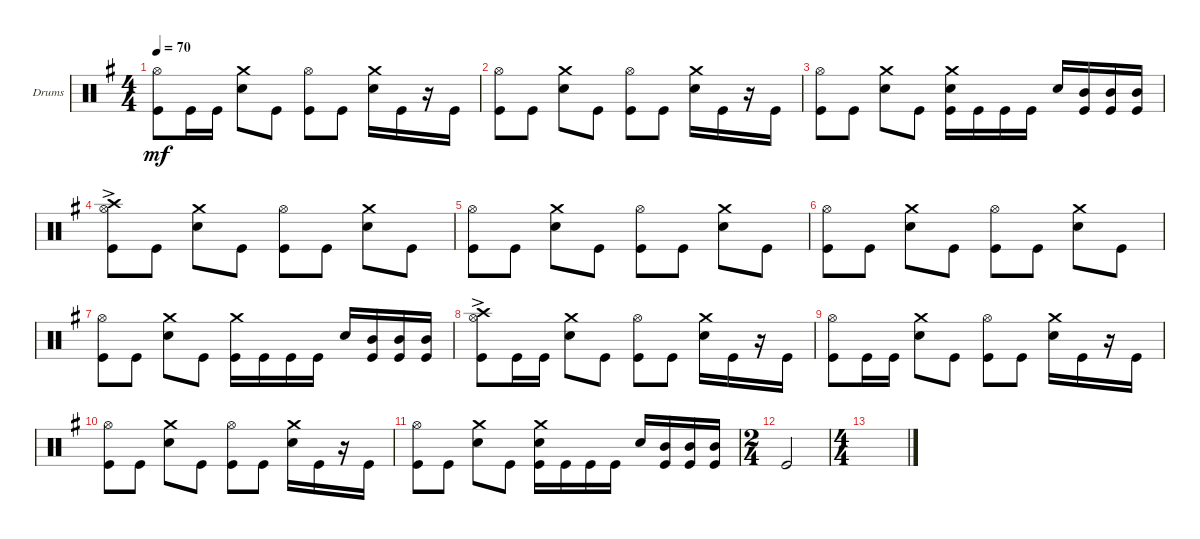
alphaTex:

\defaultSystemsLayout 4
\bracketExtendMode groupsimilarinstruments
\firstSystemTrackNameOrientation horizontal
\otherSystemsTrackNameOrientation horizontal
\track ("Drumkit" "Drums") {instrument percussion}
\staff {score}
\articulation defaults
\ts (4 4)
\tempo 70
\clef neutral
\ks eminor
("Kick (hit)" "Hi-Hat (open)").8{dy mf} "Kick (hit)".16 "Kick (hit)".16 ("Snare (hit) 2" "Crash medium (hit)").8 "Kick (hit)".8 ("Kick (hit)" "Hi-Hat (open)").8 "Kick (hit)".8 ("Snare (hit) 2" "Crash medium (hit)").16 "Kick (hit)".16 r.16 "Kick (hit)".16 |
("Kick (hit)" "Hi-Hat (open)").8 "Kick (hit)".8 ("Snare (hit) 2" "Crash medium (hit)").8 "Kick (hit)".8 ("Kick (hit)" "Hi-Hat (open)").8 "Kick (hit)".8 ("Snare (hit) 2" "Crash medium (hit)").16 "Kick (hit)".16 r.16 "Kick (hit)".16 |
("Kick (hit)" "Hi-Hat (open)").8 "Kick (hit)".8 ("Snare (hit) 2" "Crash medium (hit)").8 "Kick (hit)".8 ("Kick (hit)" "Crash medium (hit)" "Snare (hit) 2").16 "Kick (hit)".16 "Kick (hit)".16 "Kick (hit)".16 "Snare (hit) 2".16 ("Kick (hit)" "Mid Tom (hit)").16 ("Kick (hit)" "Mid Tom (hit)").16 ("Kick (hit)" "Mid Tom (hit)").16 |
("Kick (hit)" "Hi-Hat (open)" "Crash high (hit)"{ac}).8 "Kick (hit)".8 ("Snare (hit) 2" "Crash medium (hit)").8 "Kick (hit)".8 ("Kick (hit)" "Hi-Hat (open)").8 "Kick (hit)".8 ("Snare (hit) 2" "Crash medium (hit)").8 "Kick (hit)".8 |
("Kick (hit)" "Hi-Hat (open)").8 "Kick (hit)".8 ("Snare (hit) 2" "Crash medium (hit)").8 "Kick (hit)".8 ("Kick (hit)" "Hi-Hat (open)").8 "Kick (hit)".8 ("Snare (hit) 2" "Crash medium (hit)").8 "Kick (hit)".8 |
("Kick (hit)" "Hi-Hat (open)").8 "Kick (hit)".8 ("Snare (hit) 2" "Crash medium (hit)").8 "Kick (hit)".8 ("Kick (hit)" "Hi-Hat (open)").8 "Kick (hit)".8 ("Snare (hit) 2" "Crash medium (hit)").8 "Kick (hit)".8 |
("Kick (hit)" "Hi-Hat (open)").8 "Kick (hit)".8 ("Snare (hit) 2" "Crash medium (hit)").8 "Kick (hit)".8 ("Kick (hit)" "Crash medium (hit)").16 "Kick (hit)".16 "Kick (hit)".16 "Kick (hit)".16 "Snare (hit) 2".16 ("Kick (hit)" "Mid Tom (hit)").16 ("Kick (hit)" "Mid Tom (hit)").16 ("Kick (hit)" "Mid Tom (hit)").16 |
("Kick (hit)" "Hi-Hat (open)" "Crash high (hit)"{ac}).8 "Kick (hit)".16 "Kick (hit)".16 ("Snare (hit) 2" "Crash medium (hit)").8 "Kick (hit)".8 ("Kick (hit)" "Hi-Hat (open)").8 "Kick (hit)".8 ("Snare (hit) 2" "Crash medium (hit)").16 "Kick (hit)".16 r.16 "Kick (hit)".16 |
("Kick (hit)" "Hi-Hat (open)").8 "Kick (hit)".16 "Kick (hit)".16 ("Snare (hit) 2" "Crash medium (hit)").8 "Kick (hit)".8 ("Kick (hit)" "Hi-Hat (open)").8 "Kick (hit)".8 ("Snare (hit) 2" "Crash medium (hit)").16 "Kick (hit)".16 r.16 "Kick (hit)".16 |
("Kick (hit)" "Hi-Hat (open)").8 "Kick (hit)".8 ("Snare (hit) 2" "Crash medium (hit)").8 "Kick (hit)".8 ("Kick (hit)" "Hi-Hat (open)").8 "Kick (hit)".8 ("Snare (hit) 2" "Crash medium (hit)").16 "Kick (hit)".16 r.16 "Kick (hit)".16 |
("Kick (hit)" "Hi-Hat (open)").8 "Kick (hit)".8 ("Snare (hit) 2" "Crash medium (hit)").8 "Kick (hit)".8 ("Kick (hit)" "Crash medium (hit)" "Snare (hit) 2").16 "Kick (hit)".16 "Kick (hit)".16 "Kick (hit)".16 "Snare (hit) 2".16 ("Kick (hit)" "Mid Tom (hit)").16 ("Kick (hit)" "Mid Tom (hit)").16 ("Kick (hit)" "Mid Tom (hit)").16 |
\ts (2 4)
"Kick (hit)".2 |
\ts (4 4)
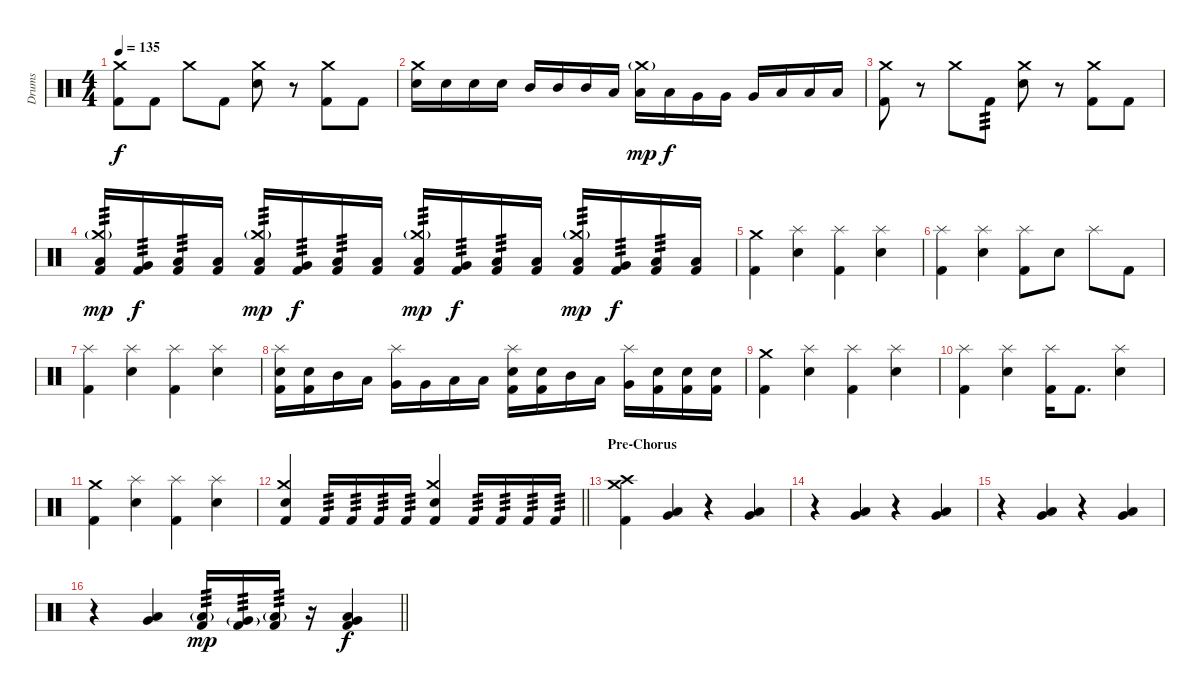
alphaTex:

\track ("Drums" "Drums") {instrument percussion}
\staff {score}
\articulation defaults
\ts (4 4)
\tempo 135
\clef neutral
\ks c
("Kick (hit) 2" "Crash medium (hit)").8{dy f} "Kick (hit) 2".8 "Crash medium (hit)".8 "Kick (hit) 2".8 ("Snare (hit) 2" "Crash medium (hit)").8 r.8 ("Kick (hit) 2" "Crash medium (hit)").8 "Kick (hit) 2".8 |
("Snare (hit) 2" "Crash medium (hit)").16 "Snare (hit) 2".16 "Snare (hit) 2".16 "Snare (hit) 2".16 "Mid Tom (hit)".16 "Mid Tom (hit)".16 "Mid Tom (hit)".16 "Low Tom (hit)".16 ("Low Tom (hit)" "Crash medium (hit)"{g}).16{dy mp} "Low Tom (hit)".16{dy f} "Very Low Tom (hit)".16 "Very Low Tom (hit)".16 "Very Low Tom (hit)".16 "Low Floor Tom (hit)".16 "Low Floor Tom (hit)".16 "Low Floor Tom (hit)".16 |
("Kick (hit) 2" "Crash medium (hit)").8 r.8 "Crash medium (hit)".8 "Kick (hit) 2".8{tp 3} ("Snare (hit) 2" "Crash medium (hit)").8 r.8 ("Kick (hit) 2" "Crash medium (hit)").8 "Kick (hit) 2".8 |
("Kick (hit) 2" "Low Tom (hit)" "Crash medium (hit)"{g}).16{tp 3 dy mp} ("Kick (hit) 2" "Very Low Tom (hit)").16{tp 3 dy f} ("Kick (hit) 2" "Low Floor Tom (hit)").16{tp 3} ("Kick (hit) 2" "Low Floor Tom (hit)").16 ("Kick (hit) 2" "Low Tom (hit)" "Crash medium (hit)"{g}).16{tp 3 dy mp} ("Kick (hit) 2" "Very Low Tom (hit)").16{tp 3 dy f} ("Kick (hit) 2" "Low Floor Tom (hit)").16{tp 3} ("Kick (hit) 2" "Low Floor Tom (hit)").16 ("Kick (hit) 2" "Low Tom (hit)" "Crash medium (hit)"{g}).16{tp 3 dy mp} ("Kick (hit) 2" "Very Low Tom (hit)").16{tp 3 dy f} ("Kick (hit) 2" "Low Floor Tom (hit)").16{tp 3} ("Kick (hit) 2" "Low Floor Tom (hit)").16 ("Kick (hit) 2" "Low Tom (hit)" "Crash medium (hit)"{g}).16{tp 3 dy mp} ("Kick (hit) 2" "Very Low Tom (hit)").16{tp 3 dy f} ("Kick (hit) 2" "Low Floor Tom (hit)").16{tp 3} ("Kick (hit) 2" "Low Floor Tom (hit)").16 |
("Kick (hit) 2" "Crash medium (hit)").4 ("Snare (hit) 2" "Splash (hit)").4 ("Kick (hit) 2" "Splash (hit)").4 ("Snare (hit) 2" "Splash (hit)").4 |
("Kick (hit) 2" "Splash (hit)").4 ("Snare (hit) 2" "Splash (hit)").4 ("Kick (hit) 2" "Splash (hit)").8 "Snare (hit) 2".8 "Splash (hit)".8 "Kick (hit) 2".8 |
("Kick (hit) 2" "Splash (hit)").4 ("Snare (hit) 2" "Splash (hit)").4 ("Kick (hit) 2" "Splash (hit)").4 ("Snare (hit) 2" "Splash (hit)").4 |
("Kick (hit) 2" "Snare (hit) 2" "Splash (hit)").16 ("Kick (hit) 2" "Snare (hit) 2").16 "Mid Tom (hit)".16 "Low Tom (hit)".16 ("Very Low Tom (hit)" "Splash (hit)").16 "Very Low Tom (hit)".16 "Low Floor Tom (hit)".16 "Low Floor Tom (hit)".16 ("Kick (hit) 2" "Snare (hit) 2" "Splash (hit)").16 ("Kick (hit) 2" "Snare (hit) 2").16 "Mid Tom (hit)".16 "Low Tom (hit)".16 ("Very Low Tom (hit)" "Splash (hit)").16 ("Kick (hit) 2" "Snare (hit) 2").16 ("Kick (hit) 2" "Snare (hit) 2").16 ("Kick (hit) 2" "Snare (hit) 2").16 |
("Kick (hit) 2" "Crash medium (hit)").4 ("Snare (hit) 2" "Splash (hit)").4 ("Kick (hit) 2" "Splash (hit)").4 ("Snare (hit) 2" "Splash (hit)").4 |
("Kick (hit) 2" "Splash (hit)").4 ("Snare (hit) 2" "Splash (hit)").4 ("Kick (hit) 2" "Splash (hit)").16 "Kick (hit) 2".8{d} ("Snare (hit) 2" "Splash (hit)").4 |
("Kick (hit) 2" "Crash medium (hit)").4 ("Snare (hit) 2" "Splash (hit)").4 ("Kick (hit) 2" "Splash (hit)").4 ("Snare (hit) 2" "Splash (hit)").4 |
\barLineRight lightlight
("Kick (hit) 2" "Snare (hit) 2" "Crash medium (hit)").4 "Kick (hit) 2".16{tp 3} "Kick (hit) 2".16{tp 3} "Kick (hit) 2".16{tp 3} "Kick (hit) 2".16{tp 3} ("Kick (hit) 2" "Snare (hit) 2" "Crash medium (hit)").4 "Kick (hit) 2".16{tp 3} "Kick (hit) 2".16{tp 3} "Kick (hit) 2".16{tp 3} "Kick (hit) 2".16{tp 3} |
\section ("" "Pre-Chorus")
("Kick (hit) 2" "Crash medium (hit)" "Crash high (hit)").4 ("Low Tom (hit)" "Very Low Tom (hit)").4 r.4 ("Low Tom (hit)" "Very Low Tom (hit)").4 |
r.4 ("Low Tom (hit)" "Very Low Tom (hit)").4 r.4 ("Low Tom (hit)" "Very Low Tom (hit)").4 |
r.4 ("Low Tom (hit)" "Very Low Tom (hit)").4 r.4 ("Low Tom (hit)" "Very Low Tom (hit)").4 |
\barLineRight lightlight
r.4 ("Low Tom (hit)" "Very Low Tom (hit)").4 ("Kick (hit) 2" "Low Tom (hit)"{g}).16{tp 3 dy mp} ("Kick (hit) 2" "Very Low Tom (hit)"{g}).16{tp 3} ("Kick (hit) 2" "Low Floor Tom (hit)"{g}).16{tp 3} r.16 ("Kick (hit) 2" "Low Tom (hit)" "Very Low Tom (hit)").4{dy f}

## Work instructions
Go through the listing above and return each line that includes the word "Drums".

## Result of the task
\track ("Drumkit" "Drums") {instrument percussion}
\track ("Drums" "Drums") {instrument percussion}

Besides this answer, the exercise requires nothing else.